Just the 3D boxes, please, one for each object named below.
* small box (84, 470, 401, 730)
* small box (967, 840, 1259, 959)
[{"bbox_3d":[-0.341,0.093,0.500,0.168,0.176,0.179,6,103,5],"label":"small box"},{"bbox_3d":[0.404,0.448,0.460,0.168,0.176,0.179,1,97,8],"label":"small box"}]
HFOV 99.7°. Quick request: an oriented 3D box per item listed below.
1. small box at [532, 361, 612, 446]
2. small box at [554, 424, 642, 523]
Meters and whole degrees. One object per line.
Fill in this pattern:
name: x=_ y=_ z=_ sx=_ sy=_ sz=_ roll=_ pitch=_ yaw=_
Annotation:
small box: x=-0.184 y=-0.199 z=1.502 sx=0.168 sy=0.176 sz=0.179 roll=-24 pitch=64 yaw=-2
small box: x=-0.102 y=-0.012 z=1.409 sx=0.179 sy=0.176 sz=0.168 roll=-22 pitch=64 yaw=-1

========================================================================

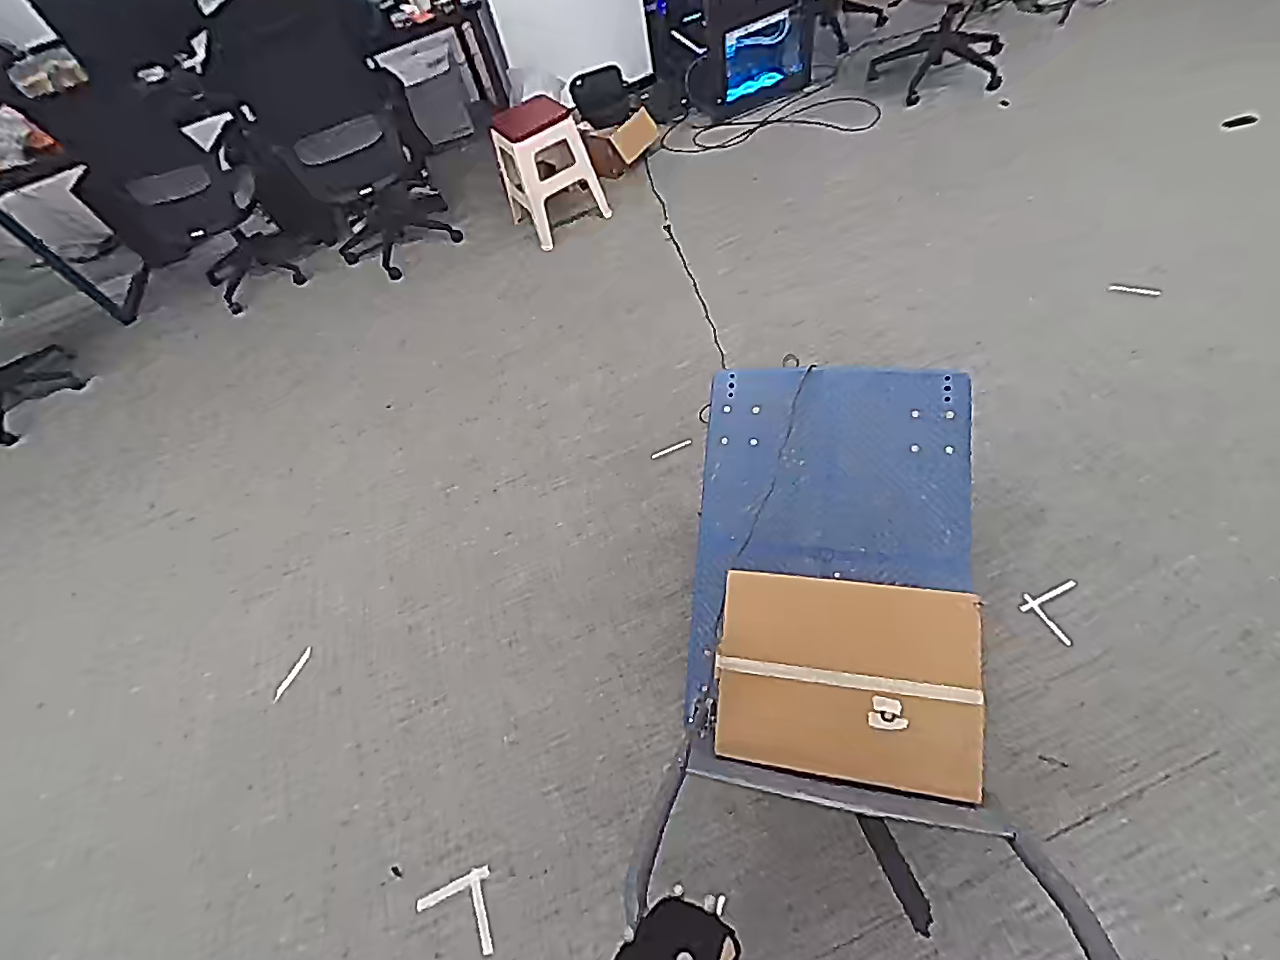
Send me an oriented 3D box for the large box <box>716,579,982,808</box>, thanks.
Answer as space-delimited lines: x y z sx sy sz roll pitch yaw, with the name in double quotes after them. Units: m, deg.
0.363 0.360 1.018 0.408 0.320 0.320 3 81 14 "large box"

========================================================================

The lines above, starting at the one with "Just the 3D" and ending at the one with "HFOV 99.7°. Quick", are the only ones to return, exactly as written.

* RESULT OF THE EXERCISE *
Just the 3D boxes, please, one for each object named below.
* small box (84, 470, 401, 730)
* small box (967, 840, 1259, 959)
[{"bbox_3d":[-0.341,0.093,0.500,0.168,0.176,0.179,6,103,5],"label":"small box"},{"bbox_3d":[0.404,0.448,0.460,0.168,0.176,0.179,1,97,8],"label":"small box"}]
HFOV 99.7°. Quick request: an oriented 3D box per item listed below.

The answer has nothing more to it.